| About this task |
For this exercise, copy each line of the records that contains the word "parkeergarage".

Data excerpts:
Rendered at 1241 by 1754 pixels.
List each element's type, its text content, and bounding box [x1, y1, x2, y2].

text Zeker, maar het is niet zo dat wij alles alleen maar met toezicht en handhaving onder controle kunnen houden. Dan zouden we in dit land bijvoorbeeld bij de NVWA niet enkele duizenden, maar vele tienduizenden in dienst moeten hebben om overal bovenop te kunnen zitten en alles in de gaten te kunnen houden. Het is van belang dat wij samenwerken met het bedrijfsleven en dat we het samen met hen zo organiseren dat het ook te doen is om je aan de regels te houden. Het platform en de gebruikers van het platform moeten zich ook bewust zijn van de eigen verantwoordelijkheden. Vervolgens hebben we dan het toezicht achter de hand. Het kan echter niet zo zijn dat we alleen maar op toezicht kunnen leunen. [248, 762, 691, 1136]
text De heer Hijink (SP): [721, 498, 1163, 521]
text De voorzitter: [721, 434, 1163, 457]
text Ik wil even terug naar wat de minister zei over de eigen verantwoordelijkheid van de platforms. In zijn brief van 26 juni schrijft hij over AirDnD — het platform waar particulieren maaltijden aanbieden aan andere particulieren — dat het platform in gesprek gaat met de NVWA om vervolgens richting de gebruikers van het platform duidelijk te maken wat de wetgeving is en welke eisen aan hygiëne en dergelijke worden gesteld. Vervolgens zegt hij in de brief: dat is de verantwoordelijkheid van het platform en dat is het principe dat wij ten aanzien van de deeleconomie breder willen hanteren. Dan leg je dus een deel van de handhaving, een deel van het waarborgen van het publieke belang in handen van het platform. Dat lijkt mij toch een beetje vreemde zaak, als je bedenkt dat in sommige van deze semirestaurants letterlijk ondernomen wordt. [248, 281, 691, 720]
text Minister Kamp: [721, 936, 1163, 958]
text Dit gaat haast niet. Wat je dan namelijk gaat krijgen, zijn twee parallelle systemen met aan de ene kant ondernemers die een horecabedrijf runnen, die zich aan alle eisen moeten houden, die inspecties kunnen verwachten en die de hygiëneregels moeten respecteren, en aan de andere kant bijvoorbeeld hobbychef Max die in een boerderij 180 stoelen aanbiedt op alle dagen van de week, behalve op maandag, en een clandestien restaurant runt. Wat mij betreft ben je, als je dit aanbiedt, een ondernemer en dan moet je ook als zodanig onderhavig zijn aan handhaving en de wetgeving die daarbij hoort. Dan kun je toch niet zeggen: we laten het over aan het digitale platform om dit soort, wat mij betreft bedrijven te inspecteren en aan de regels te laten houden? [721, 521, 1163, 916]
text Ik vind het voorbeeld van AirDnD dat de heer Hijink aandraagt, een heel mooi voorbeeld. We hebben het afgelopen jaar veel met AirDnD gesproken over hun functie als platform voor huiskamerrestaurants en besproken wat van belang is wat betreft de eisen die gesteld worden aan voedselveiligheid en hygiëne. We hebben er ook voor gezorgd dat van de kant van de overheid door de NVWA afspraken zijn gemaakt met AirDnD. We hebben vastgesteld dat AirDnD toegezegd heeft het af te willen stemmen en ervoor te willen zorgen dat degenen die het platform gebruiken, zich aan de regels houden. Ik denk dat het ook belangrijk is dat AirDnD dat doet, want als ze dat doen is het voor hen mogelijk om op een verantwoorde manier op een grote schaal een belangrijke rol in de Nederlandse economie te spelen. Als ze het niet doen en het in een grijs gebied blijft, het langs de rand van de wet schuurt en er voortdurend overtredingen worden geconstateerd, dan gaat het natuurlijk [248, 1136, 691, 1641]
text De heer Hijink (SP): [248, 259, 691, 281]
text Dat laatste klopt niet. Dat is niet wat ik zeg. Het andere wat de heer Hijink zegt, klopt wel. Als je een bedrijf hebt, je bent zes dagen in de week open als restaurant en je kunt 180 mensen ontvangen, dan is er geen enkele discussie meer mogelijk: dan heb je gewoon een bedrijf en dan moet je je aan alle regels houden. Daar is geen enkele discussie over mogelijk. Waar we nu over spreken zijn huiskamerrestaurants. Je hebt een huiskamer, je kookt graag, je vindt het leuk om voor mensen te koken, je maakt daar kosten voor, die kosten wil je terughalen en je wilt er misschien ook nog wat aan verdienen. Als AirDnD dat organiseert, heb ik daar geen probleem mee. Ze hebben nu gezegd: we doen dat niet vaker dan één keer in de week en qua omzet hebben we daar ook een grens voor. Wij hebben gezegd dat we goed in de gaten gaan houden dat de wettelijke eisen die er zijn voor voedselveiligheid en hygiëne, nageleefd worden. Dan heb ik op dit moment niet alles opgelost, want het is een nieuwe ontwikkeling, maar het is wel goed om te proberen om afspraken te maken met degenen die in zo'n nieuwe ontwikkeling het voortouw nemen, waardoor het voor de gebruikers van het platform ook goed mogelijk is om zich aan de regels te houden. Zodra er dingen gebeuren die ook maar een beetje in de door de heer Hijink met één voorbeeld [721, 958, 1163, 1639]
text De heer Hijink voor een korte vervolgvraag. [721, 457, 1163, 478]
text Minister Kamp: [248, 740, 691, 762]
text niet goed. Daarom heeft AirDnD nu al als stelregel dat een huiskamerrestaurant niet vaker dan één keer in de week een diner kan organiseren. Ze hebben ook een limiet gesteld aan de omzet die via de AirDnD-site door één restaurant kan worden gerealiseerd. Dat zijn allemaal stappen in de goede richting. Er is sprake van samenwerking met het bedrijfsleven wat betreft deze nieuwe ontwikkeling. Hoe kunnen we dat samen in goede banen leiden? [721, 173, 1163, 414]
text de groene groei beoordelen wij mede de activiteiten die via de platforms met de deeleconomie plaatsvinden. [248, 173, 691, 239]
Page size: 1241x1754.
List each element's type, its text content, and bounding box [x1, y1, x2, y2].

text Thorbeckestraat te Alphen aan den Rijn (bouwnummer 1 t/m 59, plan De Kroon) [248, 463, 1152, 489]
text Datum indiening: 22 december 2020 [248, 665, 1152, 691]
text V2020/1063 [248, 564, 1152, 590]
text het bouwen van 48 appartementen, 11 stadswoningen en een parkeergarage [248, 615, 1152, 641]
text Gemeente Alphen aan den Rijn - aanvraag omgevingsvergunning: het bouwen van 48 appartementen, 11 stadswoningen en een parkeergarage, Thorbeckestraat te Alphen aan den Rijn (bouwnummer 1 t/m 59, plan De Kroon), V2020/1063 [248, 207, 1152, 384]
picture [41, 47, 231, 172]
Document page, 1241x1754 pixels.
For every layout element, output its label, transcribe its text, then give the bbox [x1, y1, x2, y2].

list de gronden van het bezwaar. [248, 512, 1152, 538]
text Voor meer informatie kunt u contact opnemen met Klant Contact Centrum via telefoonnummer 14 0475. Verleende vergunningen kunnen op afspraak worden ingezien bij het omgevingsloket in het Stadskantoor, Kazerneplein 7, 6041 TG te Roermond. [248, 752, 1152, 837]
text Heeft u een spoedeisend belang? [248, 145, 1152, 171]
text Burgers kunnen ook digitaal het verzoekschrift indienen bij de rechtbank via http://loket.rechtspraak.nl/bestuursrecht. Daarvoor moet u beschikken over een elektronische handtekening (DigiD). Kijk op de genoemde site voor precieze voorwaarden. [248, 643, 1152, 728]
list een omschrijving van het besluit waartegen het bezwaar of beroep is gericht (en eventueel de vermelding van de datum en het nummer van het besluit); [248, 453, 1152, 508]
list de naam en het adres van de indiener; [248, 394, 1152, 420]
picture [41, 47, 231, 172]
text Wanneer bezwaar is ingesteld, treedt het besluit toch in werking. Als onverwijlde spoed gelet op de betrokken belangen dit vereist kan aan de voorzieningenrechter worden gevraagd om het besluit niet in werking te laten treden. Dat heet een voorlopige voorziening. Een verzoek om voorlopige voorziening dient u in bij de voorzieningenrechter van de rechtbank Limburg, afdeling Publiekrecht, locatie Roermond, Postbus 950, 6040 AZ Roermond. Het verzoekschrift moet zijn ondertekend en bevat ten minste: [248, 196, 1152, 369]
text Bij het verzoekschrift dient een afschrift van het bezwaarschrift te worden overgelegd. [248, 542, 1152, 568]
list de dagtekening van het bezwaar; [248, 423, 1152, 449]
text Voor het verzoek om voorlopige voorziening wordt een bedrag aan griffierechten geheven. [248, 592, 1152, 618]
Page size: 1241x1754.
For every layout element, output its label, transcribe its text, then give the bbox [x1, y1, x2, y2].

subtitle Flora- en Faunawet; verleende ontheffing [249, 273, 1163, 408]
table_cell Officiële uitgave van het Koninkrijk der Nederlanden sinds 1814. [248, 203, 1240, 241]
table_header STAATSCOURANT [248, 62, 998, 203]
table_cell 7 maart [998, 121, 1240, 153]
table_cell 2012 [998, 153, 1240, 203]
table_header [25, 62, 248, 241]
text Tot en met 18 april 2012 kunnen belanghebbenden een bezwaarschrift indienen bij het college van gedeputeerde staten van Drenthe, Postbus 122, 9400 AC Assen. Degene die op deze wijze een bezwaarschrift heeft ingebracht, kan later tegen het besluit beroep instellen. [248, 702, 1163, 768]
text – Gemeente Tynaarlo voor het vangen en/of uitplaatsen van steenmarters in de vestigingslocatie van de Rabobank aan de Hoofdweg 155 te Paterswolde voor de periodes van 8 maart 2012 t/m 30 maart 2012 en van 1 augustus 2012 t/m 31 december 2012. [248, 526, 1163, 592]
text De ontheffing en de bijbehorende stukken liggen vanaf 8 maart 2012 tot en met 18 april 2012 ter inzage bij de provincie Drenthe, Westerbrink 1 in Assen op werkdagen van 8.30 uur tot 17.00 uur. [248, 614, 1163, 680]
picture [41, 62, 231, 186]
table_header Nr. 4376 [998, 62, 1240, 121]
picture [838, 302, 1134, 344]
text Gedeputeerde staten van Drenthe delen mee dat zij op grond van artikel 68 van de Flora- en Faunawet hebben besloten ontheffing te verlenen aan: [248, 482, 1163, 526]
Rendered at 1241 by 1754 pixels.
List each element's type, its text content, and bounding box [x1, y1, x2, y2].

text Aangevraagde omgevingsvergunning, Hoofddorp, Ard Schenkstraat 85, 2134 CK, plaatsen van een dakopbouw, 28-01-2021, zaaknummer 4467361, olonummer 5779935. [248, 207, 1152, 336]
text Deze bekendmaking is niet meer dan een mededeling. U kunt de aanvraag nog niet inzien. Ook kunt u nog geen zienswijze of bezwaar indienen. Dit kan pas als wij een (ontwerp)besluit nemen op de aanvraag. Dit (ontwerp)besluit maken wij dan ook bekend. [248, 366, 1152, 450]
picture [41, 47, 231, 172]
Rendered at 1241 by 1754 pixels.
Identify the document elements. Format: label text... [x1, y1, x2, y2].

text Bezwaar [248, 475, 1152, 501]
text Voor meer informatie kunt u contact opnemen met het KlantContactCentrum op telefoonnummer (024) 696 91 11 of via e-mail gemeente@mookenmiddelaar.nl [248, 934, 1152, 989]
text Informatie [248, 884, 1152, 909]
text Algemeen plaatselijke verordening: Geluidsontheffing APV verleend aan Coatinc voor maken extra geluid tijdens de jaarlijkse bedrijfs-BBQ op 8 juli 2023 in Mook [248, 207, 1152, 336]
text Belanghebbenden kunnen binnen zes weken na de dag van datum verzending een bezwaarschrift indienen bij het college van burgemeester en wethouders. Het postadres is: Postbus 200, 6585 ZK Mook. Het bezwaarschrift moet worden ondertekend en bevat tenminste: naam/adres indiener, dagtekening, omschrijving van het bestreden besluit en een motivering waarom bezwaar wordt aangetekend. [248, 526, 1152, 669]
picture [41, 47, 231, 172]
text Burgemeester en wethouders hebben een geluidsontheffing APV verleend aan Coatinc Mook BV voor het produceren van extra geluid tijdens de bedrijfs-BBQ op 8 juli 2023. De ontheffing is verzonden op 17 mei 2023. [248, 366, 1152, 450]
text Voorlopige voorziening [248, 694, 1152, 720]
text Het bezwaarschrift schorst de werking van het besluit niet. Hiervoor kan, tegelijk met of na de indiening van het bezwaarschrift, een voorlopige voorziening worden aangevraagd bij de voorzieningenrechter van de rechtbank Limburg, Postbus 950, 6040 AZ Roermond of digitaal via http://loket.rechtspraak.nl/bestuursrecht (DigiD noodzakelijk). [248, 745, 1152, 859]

| Solution below |
text het bouwen van 48 appartementen, 11 stadswoningen en een parkeergarage [248, 615, 1152, 641]
text Gemeente Alphen aan den Rijn - aanvraag omgevingsvergunning: het bouwen van 48 appartementen, 11 stadswoningen en een parkeergarage, Thorbeckestraat te Alphen aan den Rijn (bouwnummer 1 t/m 59, plan De Kroon), V2020/1063 [248, 207, 1152, 384]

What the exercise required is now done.